Looking back on our abortive trip to Oaxaca now, writing about our abortive trip to Oaxaca, I am still surprised that I squandered my time there so thoroughly. Although it had been easy to discover that Lawrence stayed at the Hotel Francia it was more difficult to find where we had stayed for a week. A parrot filled the leaf-soaked courtyard with blue and green squawking, I remember that, but I kept no notes, have no record of the name of the place. I’ve looked at the Rough Guide and Let’s Go but can’t find anything that jogs my memory. It is no use; it is gone, lost. Long resigned to lacking the application adequately to research Lawrence’s life I find I am not even qualified to research my own, to be my own biographer.

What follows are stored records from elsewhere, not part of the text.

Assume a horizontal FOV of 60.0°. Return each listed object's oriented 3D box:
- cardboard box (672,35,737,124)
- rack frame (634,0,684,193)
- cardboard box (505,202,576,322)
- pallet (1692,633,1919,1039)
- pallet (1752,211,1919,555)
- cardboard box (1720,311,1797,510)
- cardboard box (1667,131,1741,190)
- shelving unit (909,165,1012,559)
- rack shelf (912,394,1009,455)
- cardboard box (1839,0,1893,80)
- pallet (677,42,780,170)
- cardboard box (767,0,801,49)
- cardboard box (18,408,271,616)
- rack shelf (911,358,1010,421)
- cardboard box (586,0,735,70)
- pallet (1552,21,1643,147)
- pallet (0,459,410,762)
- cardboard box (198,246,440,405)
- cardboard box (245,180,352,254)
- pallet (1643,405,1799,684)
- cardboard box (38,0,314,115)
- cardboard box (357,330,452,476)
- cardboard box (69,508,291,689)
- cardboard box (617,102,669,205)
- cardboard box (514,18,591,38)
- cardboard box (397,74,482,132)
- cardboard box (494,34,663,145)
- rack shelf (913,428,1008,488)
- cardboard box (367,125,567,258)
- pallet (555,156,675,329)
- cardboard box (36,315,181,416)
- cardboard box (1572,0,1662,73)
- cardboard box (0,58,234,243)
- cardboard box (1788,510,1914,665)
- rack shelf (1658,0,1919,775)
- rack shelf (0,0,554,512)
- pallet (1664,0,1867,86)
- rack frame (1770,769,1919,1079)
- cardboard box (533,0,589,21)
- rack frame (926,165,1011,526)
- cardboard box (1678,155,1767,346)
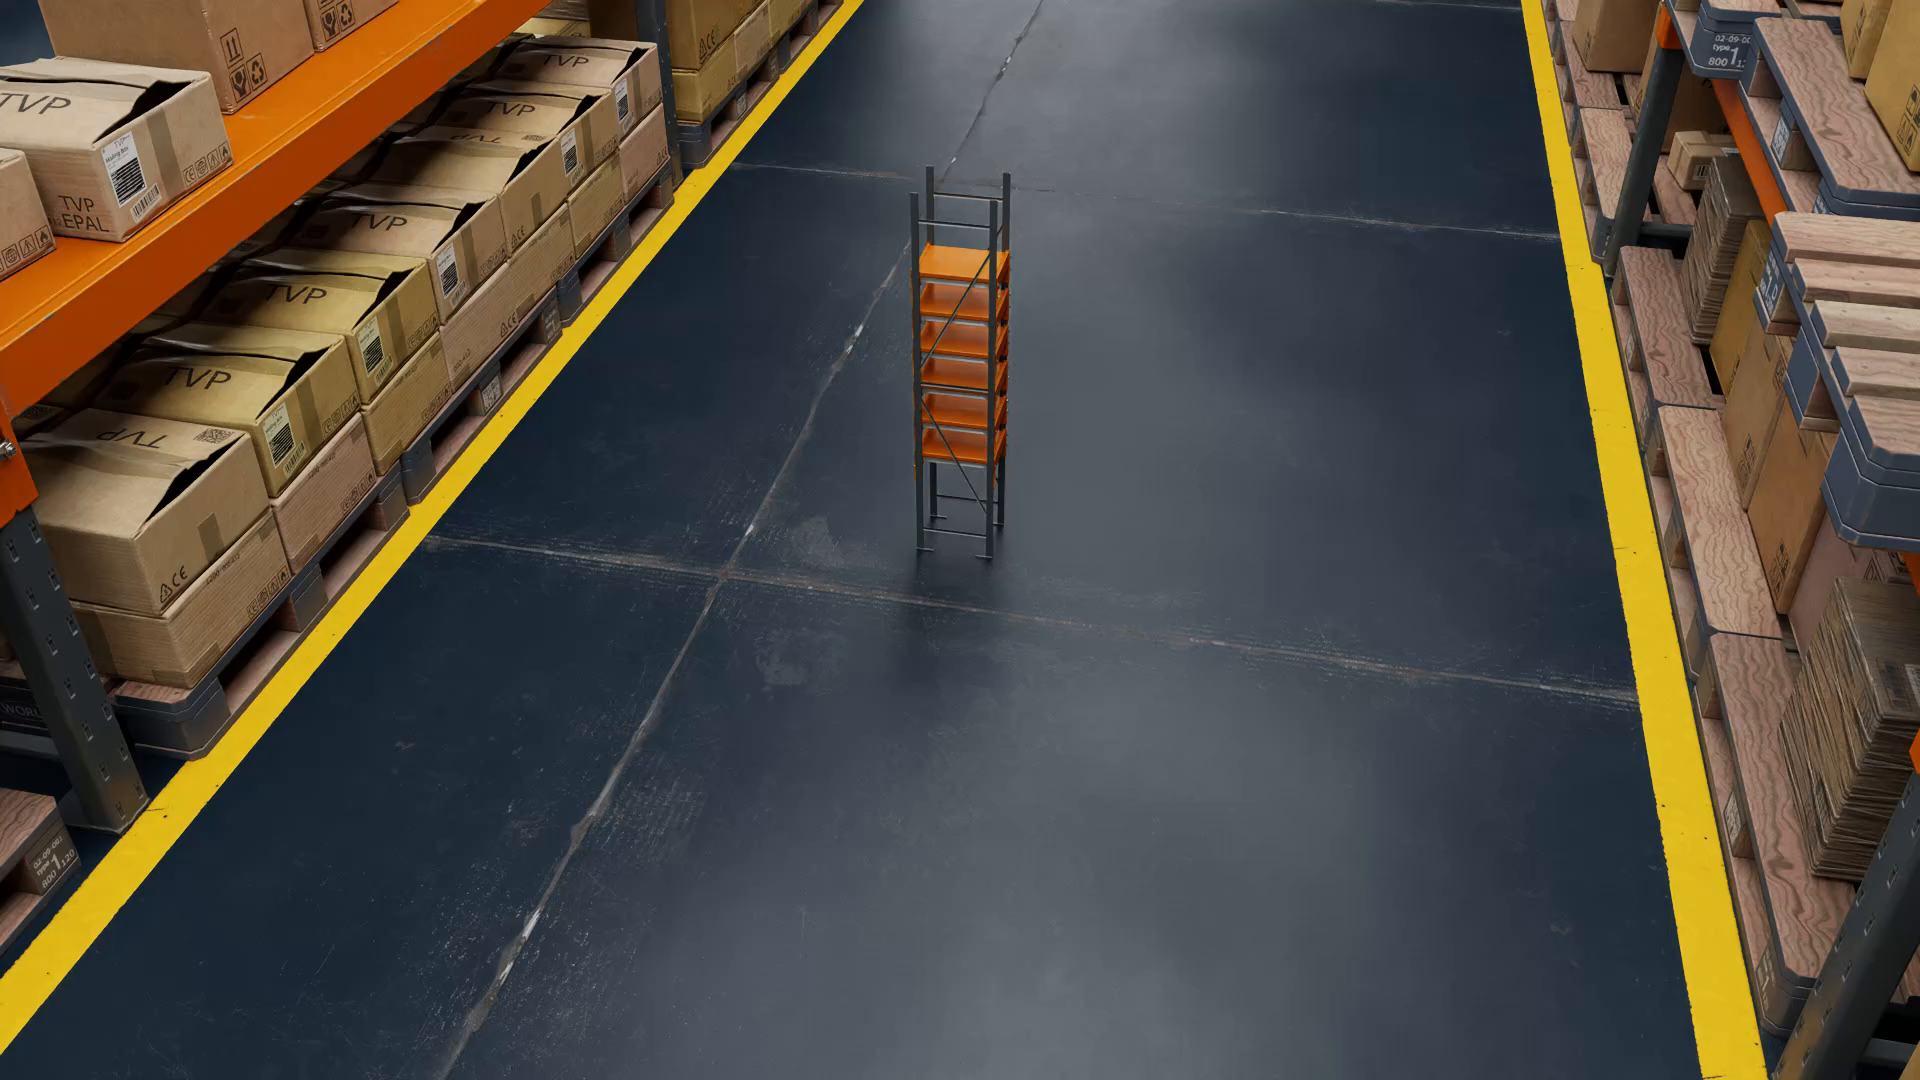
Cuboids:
[{"bbox_3d":[-1.348,-2.139,7.630,0.500,0.250,0.500,7,37,10],"label":"cardboard box"},{"bbox_3d":[-1.743,-2.854,6.632,1.000,3.000,0.127,7,37,10],"label":"rack frame"},{"bbox_3d":[-1.767,-1.054,6.133,0.500,0.250,0.500,8,37,11],"label":"cardboard box"},{"bbox_3d":[2.411,0.739,4.050,1.003,0.211,1.213,7,37,10],"label":"pallet"},{"bbox_3d":[2.291,-0.286,3.252,1.213,0.211,1.003,7,37,10],"label":"pallet"},{"bbox_3d":[2.747,-0.387,4.983,0.700,0.500,0.500,8,37,10],"label":"cardboard box"},{"bbox_3d":[3.182,-1.577,6.909,0.380,0.166,0.250,3,36,4],"label":"cardboard box"},{"bbox_3d":[0.003,-0.494,4.909,0.258,1.200,0.189,7,37,10],"label":"shelving unit"},{"bbox_3d":[0.003,-0.361,5.006,0.258,0.103,0.180,7,37,10],"label":"rack shelf"},{"bbox_3d":[2.719,-1.465,4.256,0.700,0.500,0.500,12,38,16],"label":"cardboard box"},{"bbox_3d":[-1.532,-2.176,8.072,1.003,0.211,1.213,7,37,10],"label":"pallet"},{"bbox_3d":[-1.124,-2.711,8.419,0.500,0.250,0.500,7,37,10],"label":"cardboard box"},{"bbox_3d":[-2.198,-0.108,4.350,0.500,0.311,0.500,9,37,12],"label":"cardboard box"},{"bbox_3d":[0.003,-0.458,4.935,0.258,0.103,0.180,7,37,10],"label":"rack shelf"},{"bbox_3d":[-1.338,-2.441,7.408,0.500,0.500,0.500,7,37,10],"label":"cardboard box"},{"bbox_3d":[3.465,-2.197,8.102,1.003,0.211,1.213,7,37,10],"label":"pallet"},{"bbox_3d":[-2.383,0.101,4.930,1.003,0.211,1.213,7,37,10],"label":"pallet"},{"bbox_3d":[-1.983,-0.702,5.170,0.500,0.311,0.500,6,36,9],"label":"cardboard box"},{"bbox_3d":[-2.402,-1.051,5.651,0.500,0.311,0.500,8,37,11],"label":"cardboard box"},{"bbox_3d":[2.674,0.042,5.012,1.003,0.211,1.213,7,37,10],"label":"pallet"},{"bbox_3d":[-2.255,-1.565,4.768,0.500,0.500,0.500,5,36,7],"label":"cardboard box"},{"bbox_3d":[-1.987,-0.468,5.325,0.500,0.250,0.500,6,36,9],"label":"cardboard box"},{"bbox_3d":[-2.198,0.119,4.515,0.500,0.250,0.500,7,37,10],"label":"cardboard box"},{"bbox_3d":[-1.548,-1.637,6.937,0.500,0.250,0.500,7,37,10],"label":"cardboard box"},{"bbox_3d":[-1.857,-2.204,7.720,0.500,0.250,0.500,7,37,10],"label":"cardboard box"},{"bbox_3d":[-2.186,-1.646,6.472,0.500,0.311,0.500,7,37,9],"label":"cardboard box"},{"bbox_3d":[-1.549,-1.870,6.781,0.500,0.311,0.500,7,37,10],"label":"cardboard box"},{"bbox_3d":[0.003,-0.264,5.076,0.258,0.103,0.180,7,37,10],"label":"rack shelf"},{"bbox_3d":[-1.763,-1.285,5.974,0.500,0.311,0.500,7,37,10],"label":"cardboard box"},{"bbox_3d":[-1.862,-1.298,6.861,1.003,0.211,1.213,7,37,10],"label":"pallet"},{"bbox_3d":[-2.621,-0.475,4.856,0.500,0.311,0.500,7,36,9],"label":"cardboard box"},{"bbox_3d":[3.389,-2.568,7.992,0.700,0.500,0.500,5,36,7],"label":"cardboard box"},{"bbox_3d":[-2.217,-1.013,4.168,0.500,0.311,0.500,7,37,9],"label":"cardboard box"},{"bbox_3d":[2.569,0.192,4.184,0.700,0.500,0.500,7,37,10],"label":"cardboard box"},{"bbox_3d":[2.670,-0.797,4.407,1.077,0.370,4.000,7,37,10],"label":"rack shelf"},{"bbox_3d":[-2.170,-1.416,5.261,1.077,0.370,4.000,7,37,10],"label":"rack shelf"},{"bbox_3d":[2.792,-1.738,5.255,1.003,0.211,1.213,7,37,10],"label":"pallet"},{"bbox_3d":[2.243,0.058,2.614,1.000,3.000,0.127,7,37,10],"label":"rack frame"},{"bbox_3d":[-1.739,-2.793,7.894,0.500,0.500,0.500,7,37,10],"label":"cardboard box"},{"bbox_3d":[0.023,-0.547,4.982,0.240,1.200,0.006,7,37,10],"label":"rack frame"},{"bbox_3d":[2.956,-0.977,5.797,0.700,0.500,0.500,9,37,12],"label":"cardboard box"}]

If one could accept one’s own shortcomings, perhaps one could be happy, contented, at one, as they say, with oneself; but what if one’s principal shortcoming is, precisely, this unlimited capacity to generate friction between giving in to oneself as one is one moment and the equally strong urge to re-shape and seize control of how one was at some later date? Nothing wrong per se in going to Oaxaca and deciding, once you are there, that you do not want to do exactly that which you came to do. It might even be tolerable to fail to do what you came to do and to come to regret it later, but to fail to do something now precisely so that you can gnaw and gnaw away at it later, and then to waste weeks gnawing over this syndrome. . No, there is not even the glimmer of contentment there. You’re stuck, stuck in an endless loop, stuck like a record which keeps jumping back to the same three words — ‘if only. .’, ‘if only. .’ — which turn out to be only two words.